Hyacinthus L., Hyacinthe, Pflanzengattung aus der Familie der Liliaceen (s. d.). Man kennt etwa 30 Arten, die fast sämtlich der Flora der Mittelmeerländer angehören, schön blühende Zwiebelgewächse mit grundständigen, schmallinealen oder bandförmig verbreiterten Blättern. Die aus Kleinasien stammende Gartenhyacinthe (H. orientalis L.) ist eine der beliebtesten Zierpflanzen sowohl wegen der schönen Farbe als auch wegen des angenehmen Geruchs ihrer Blüten. Sie stammt aus dem Orient, kam in der zweiten Hälfte des 16. Jahrh. von Bagdad nach Aleppo und wurde 1596 schon in England kultiviert. Im Laufe der Zeit wurde sie im südl. Frankreich und in Italien naturalisiert und in fast ganz Europa im freien Lande oder in Töpfen gezogen, nirgends jedoch so sehr wie in Holland, insbesondere in der Umgebung von Haarlem, wo jährlich 2‒300 ha damit bebaut werden. Dort ist auch die größte Zahl der Varietäten (Sorten) erzielt, die sich durch die Höhe des Blütenschafts, die Zahl der Blumen und die Größe und Beschaffenheit derselben, die entweder einfach oder gefüllt, d. h. zwei-, drei- oder sogar vierfach sind, hauptsächlich aber durch die Farbe voneinander unterscheiden. Die ursprüngliche blaue oder indigoblaue Farbe wandelte sich nach und nach in Weiß, Rosa, Rot, Karmin, Porzellanblau, Purpur, Violett, das sich gleich dem Blau häufig dem Schwarz nähert; auch findet man bei ihnen Gelb und Orange, wenn auch nicht die reinen und intensiven Farben der Tulpe. Früher mehr als jetzt gab es auch Blumen, welche mit mehr als einer Farbe ausgestattet waren, sog. Bizarren.
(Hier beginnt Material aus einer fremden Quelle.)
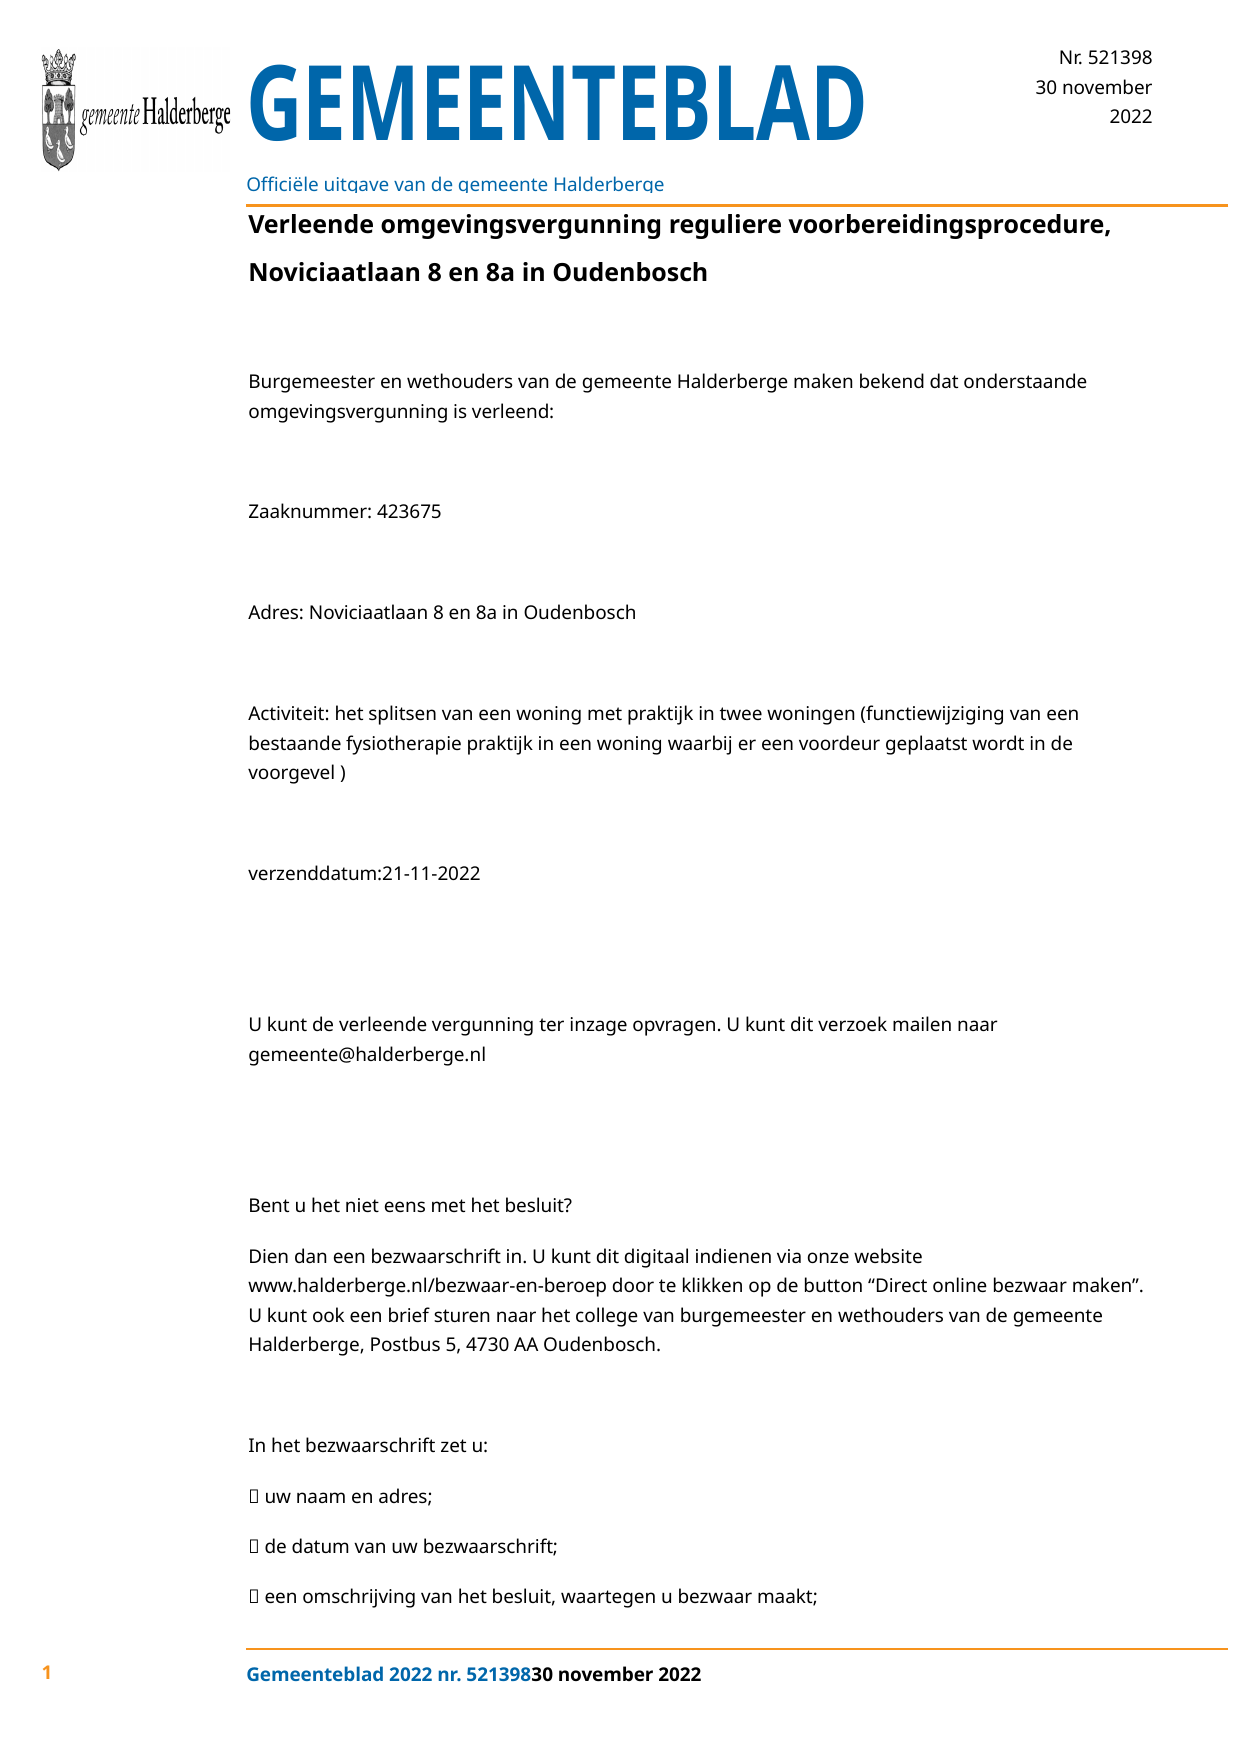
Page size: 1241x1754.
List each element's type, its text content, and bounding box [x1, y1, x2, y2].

text Bent u het niet eens met het besluit? [248, 1192, 1152, 1218]
picture [41, 47, 231, 172]
text  uw naam en adres; [248, 1483, 1152, 1509]
text Zaaknummer: 423675 [248, 499, 1152, 524]
text In het bezwaarschrift zet u: [248, 1432, 1152, 1458]
text Adres: Noviciaatlaan 8 en 8a in Oudenbosch [248, 599, 1152, 625]
text Dien dan een bezwaarschrift in. U kunt dit digitaal indienen via onze website www.halderberge.nl/bezwaar-en-beroep door te klikken op de button “Direct online bezwaar maken”. U kunt ook een brief sturen naar het college van burgemeester en wethouders van de gemeente Halderberge, Postbus 5, 4730 AA Oudenbosch. [248, 1243, 1152, 1357]
text  een omschrijving van het besluit, waartegen u bezwaar maakt; [248, 1584, 1152, 1609]
text Burgemeester en wethouders van de gemeente Halderberge maken bekend dat onderstaande omgevingsvergunning is verleend: [248, 368, 1152, 424]
text Verleende omgevingsvergunning reguliere voorbereidingsprocedure, Noviciaatlaan 8 en 8a in Oudenbosch [248, 207, 1152, 288]
text Activiteit: het splitsen van een woning met praktijk in twee woningen (functiewijziging van een bestaande fysiotherapie praktijk in een woning waarbij er een voordeur geplaatst wordt in de voorgevel ) [248, 700, 1152, 785]
text U kunt de verleende vergunning ter inzage opvragen. U kunt dit verzoek mailen naar gemeente@halderberge.nl [248, 1012, 1152, 1067]
text verzenddatum:21-11-2022 [248, 860, 1152, 886]
text  de datum van uw bezwaarschrift; [248, 1533, 1152, 1559]

In Südeuropa, besonders in Frankreich und Italien, wird die römische oder Pariser Hyacinthe (H. praecox Jord.) kultiviert. Dieselbe unterscheidet sich von der gewöhnlichen, die man zum Unterschiede von jenen auch großblumige oder holländische Hyacinthe nennt, durch viel frühere Blütezeit sowie durch kleinere und spärlichere Blumen an einem Blütenschaft. Wegen der frühen Blütezeit werden einige Varietäten dieser Rasse, besonders die Sorte Romaine blanche, zur Frühtreiberei im November und Dezember verwendet.

Die Hyacinthe wird meistens durch Brutzwiebeln fortgepflanzt. Die Aussaat kann nur den Zweck haben, neue Farbenvarietäten zu erziehen; doch blühen die Sämlinge meistens erst im fünften oder sechsten Jahre. Eine Zwiebel der Hyacinthe blüht gewöhnlich mehrere Jahre nacheinander, ja sie scheint sich sogar lange Jahre in ihrem Bestande zu erhalten, in der That aber erneuert sie sich fort und fort, und zwar von der Mitte aus.

Die Hyacinthen verlangen zu ihrem Gedeihen einen sandigen, gut kultivierten Boden mit einem möglichst gleichmäßigen Grundwasserstand von etwa 1 m, sodaß die Wurzeln die gleichmäßig feuchten Bodenschichten erreichen können, die Zwiebeln aber in der obern Schicht verhältnismäßig trocken liegen. In Sandboden, der auch in den tiefern Schichten austrocknet, bleiben die Zwiebeln klein und in zu feuchtem gehen sie durch Fäulnis und andere Krankheiten zu Grunde.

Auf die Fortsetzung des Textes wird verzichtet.